“Tag der Erfinder” Heute: Niklaus Wirth

Niklaus Wirth wurde am 15. Februar 1934 in Winterthur geboren. Heute ist sein 77 Geburtstag. Er ist ein Schweizer Informatiker und Erfinder der Programmiersprache Pascal, eine der bekanntesten Programmiersprachen. Pascal hatte von Anfang an im universitären Bereich sehr großen Erfolg, was sich u. a. auch in der Programmiersprache Ada niederschlug, die sehr stark an der Syntax von Pascal angelehnt ist. Ich Erinnere mich noch an meine Studienzeit der Computerwissenschaften auf der Universität Salzburg.

Niklaus_Wirth

1959 Diplom-Elektroingenieur an der ETH Zürich, 1960 M.Sc. an der Université Laval in Kanada, promovierte Niklaus Wirth 1963 an der University of California in Berkeley. Nach Assistenzprofessuren an der Stanford University und der Universität Zürich kehrte er 1968 an die Eidgenössische Technische Hochschule zurück, wo er bis 1999 als Professor für Informatik lehrte und forschte.

Die Sprache wurde von Niklaus Wirth als Lehrsprache entwickelt. Sie wurde deshalb so einfach und strukturiert wie möglich gestaltet. Ihre große Verbreitung in der professionellen Programmierung fand sie als Borland/Turbo Pascal (später Delphi) – gegenüber dem Ur-Pascal wesentlich erweiterte und verbesserte Versionen.

Pascal zeichnet sich durch eine strikte und einfach verständliche Syntax sowie durch den Verzicht auf kontextabhängige Interpretationen des Codes aus. Somit erlaubt Pascal im Vergleich zu Sprachen wie C und Fortran eine gute Lesbarkeit und, verglichen mit Fortran, auch eine bessere Unterstützung von strukturierter Programmierung.

Ein wichtiges Konzept, das Wirth zur Anwendung brachte, ist die starke Typisierung (engl. “strong typing”): Variablen sind bereits zur Übersetzungszeit einem bestimmten Datentyp zugeordnet, und dieser kann nicht nachträglich verändert werden. Typenstrenge bedeutet, dass Wertzuweisungen ausschließlich unter Variablen gleichen Typs erlaubt sind. In Pascal gibt es von diesem strikten Zwang lediglich wenige Ausnahmen.

Heute findet Pascal im universitären Bereich (Entwicklung/Ausbildung) und in sicherheitskritischen Bereichen (z. B. Verkehrstechnik, Energieversorgung, Medizintechnik, Raumfahrt, Militär, teilweise im Banken- und Versicherungswesen) Anwendung. Dies beruht hauptsächlich auf der guten Prüfbarkeit und Wartbarkeit des Codes und der klaren Zuordnung der Variablen. So ist die 2005 eingeführte Betriebsleittechnik IV der Transrapid-Versuchsanlage Emsland in Pascal programmiert. Eine pascalähnliche Notation wird von jeher in der Informatik und Mathematik zur Darstellung von Algorithmen benutzt.

Wirth erhielt zahlreiche Ehrungen u.a. im Jahre 1984 den ACM Turing Award als erster und bisher einziger deutschsprachiger Informatiker (Stand 2009), sowie 1988 den IEEE Computer Pioneer Award.

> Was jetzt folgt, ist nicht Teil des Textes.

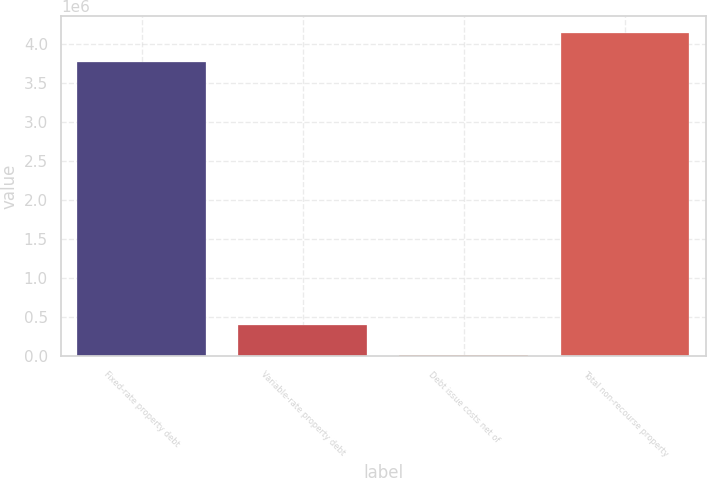Convert chart. <chart><loc_0><loc_0><loc_500><loc_500><bar_chart><fcel>Fixed-rate property debt<fcel>Variable-rate property debt<fcel>Debt issue costs net of<fcel>Total non-recourse property<nl><fcel>3.76124e+06<fcel>403831<fcel>24019<fcel>4.14105e+06<nl></chart>

Erfinder Tipp: 09.11 ist der Tag der Erfinder. An diesem Tag soll den Menschen bewusst werden, dass jeder alltäglicher Gegenstand seinen Ursprung in der entsprechenden Idee hatte. Erfinder haben für das Allgemeinwohl eine Menge Positives bewirkt. Dabei wurden sie anfangs für ihre Ideen eher belächelt und als Spinner betrachtet, aber viele der guten Entdeckungen wie Autos oder Computer haben sich mit der Zeit durchgesetzt. Den heutigen Erfindern geht es da nicht anders. Vielleicht kann dieser eine Tag im Jahr dazu beitragen, Menschen wie z.B. Karl Friedrich Benz und Johannes Gutenberg zu gedenken und den ein oder anderen verkannten Erfinder entsprechend zu würdigen.
Ich werde versuchen jeden Grossen Erfinder mit seinem Geburtstag hier zu erwähnen. – um den “Tag der Erfinder” am 9. November damit zu ehren.

Ein Gedanke zu ““Tag der Erfinder” Heute: Niklaus Wirth

  1. Forschung braucht begeisternde Ziele! Dass Ihre Ziele in unserem Land nicht verstanden wurden ist ein Grund für die allgemeine Unzufriedenheit mit der Wissenschaft und eine Ursache für die technologische Schwäche. Alles Gute zum Geburtstag.